» AIM OF THE TASK
The data that follows is to be copied exactly, with each image removed.

━━━

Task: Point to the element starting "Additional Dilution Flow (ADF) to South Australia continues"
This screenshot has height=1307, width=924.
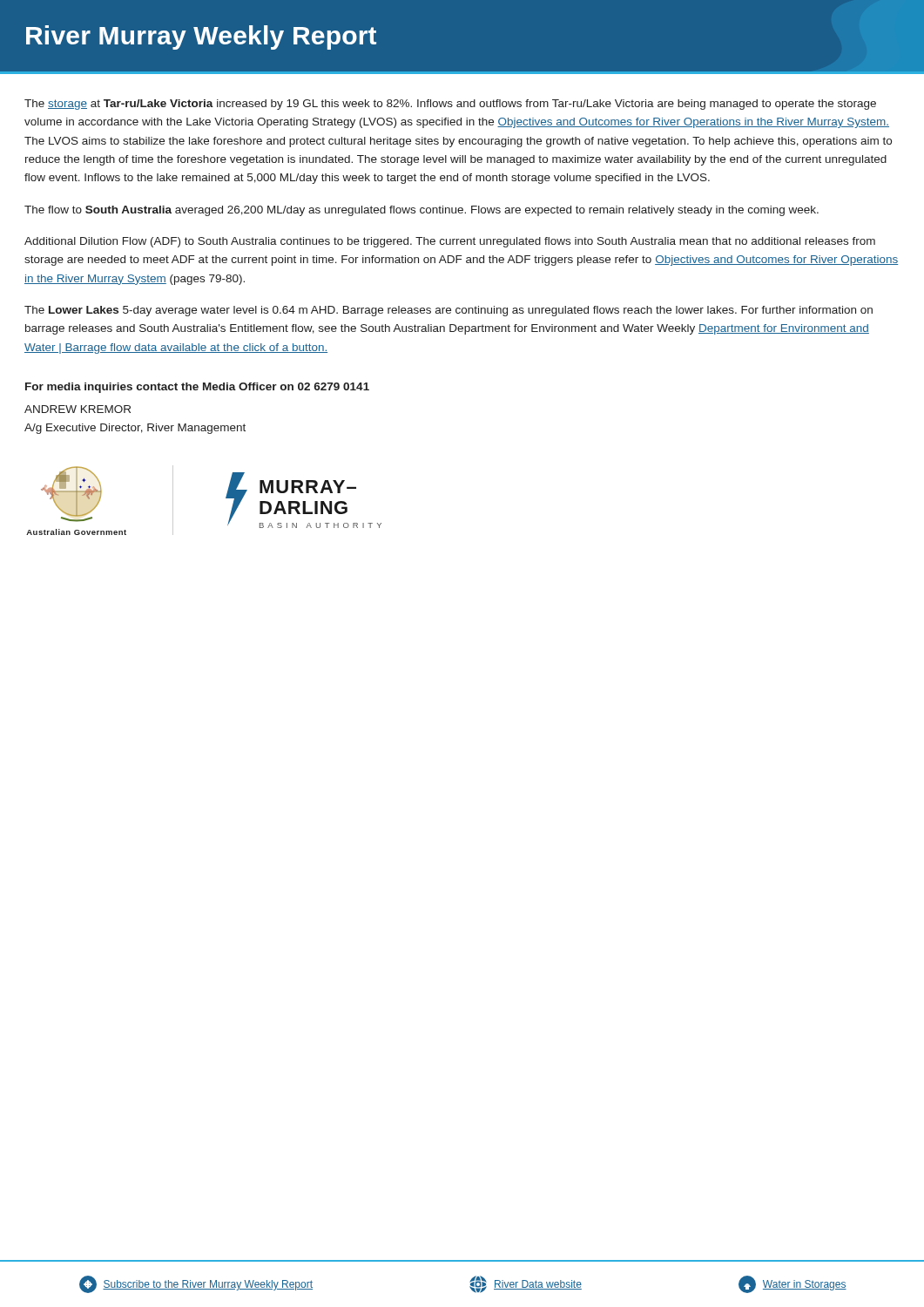Action: pyautogui.click(x=461, y=260)
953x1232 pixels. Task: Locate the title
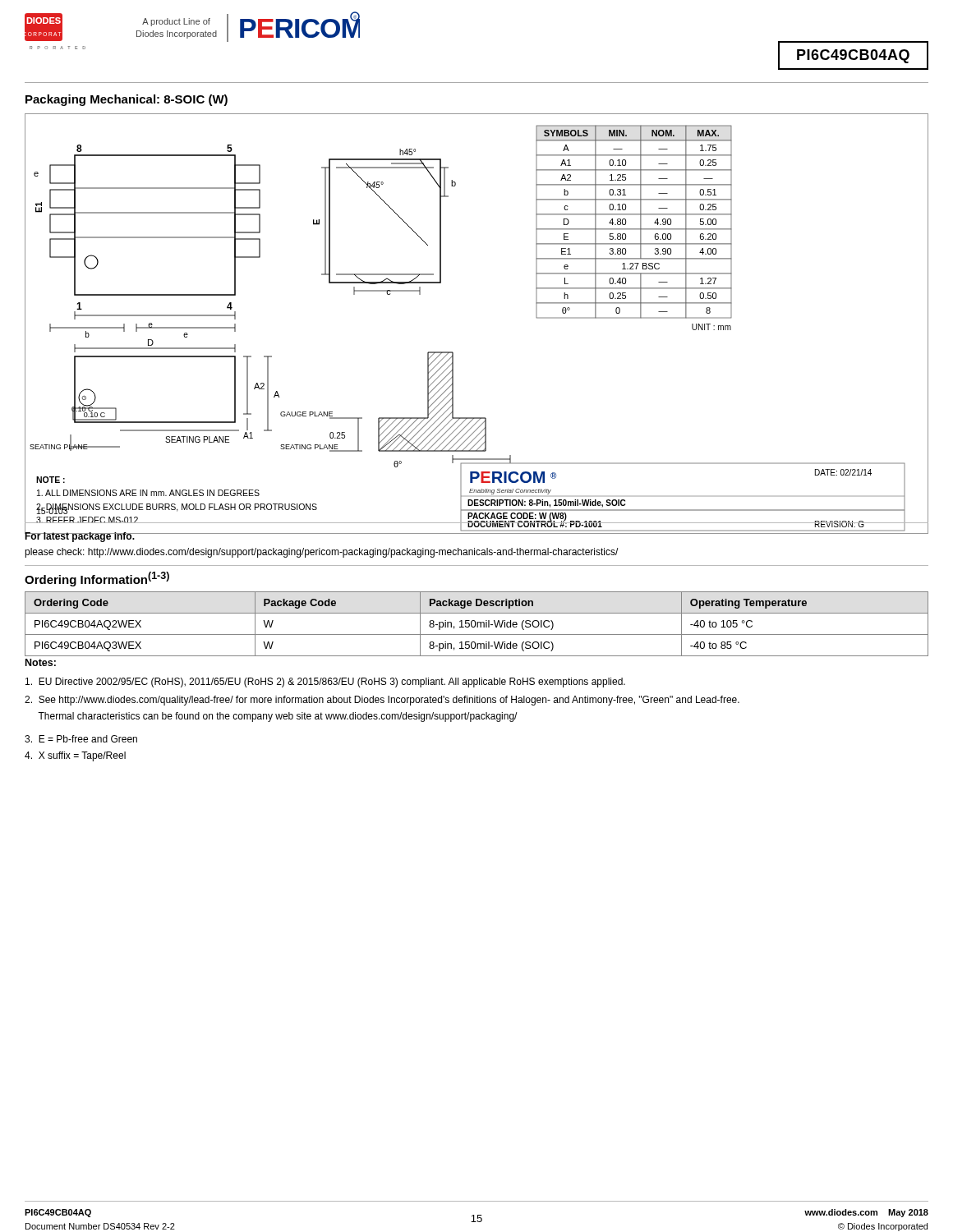pos(853,55)
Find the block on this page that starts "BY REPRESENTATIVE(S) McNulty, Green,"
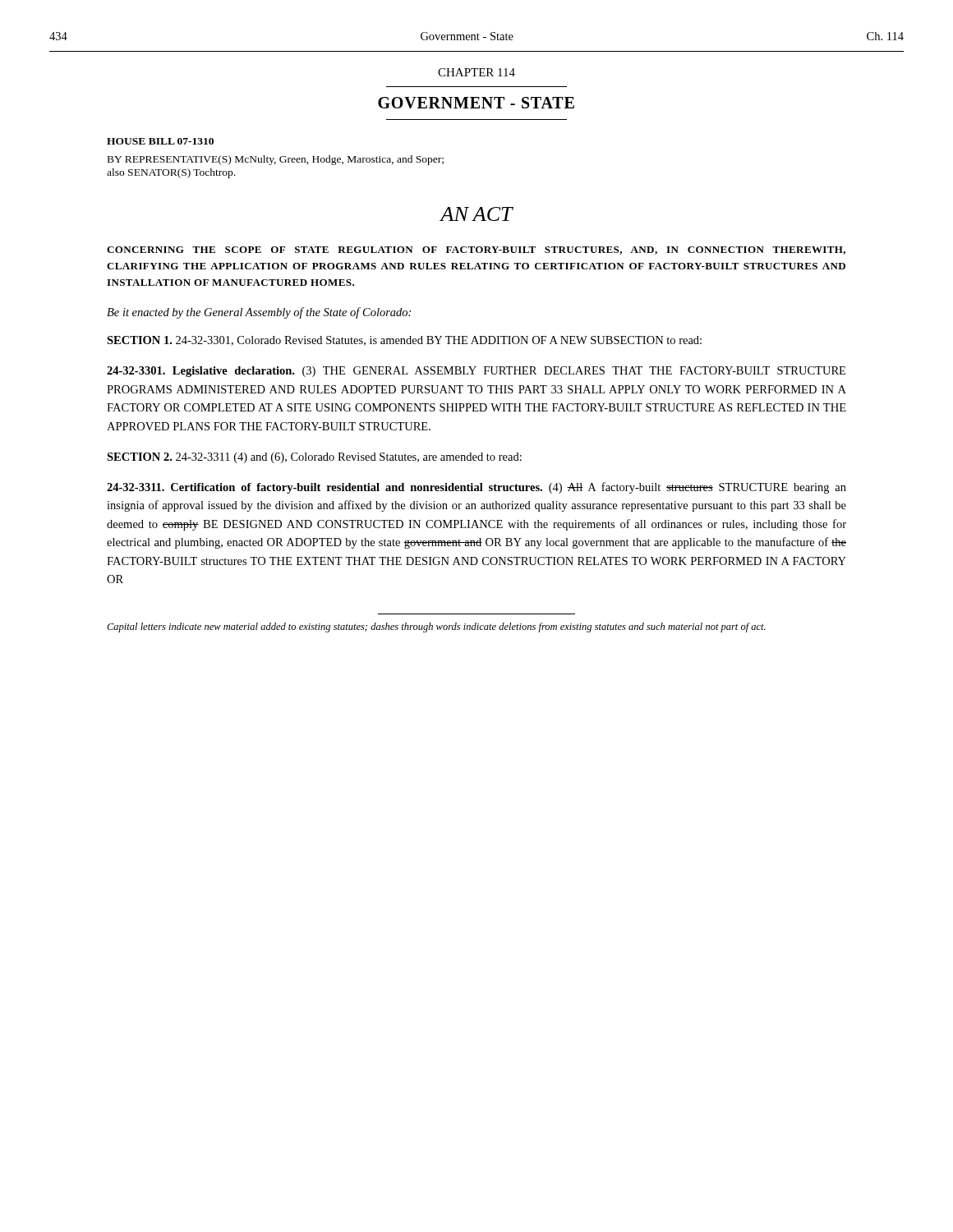 (x=276, y=166)
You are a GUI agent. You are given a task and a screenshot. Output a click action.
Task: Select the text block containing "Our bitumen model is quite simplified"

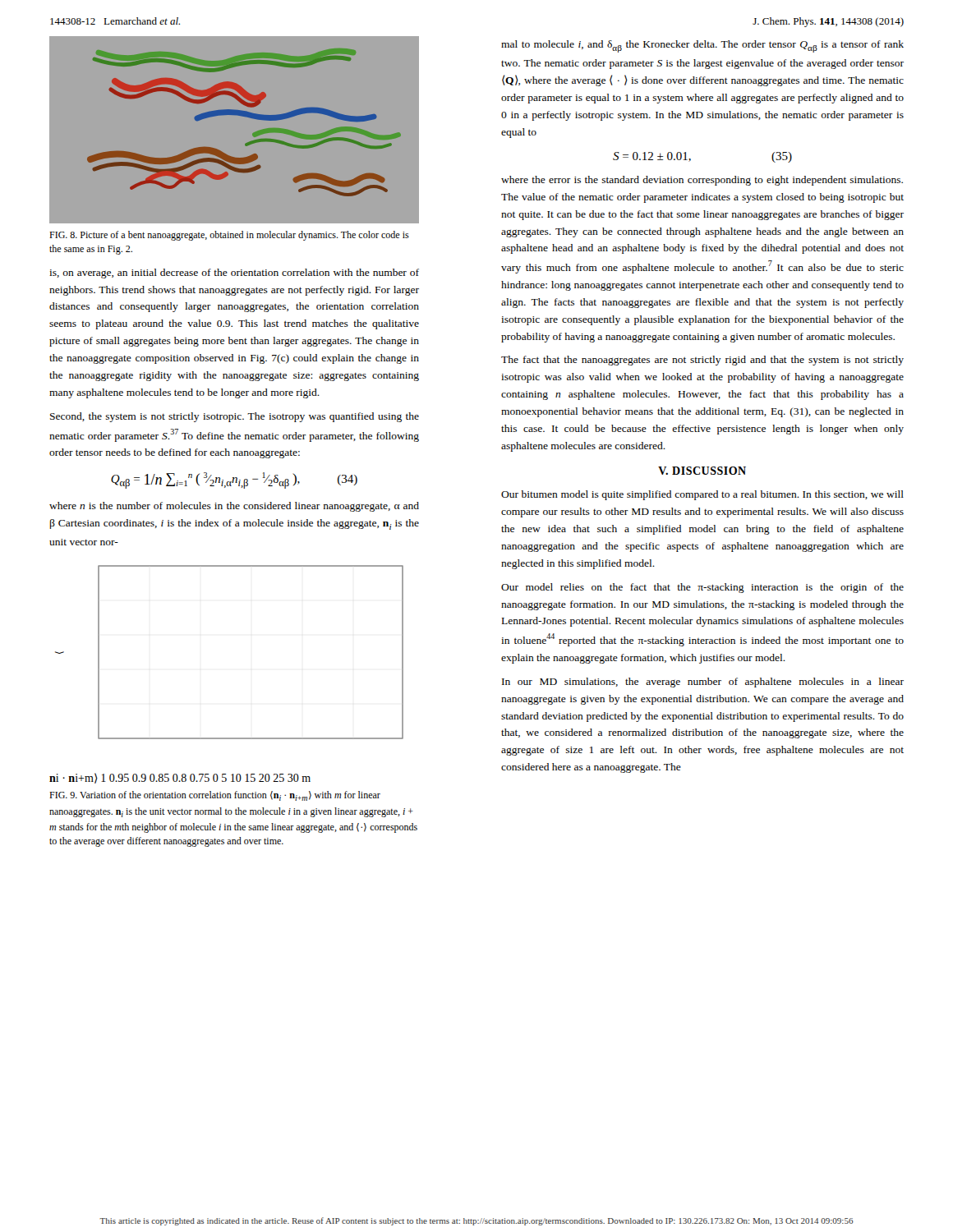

━━━

» RESPONSE
Task: Point to the element starting "Additional Dilution Flow (ADF) to South Australia continues"
This screenshot has height=1307, width=924.
Action: pyautogui.click(x=461, y=260)
953x1232 pixels. Task: Locate the title
pos(853,55)
Find the block on this page that starts "BY REPRESENTATIVE(S) McNulty, Green,"
 (x=276, y=166)
You are a GUI agent. You are given a task and a screenshot. Output a click action.
Task: Select the text block containing "Our bitumen model is quite simplified"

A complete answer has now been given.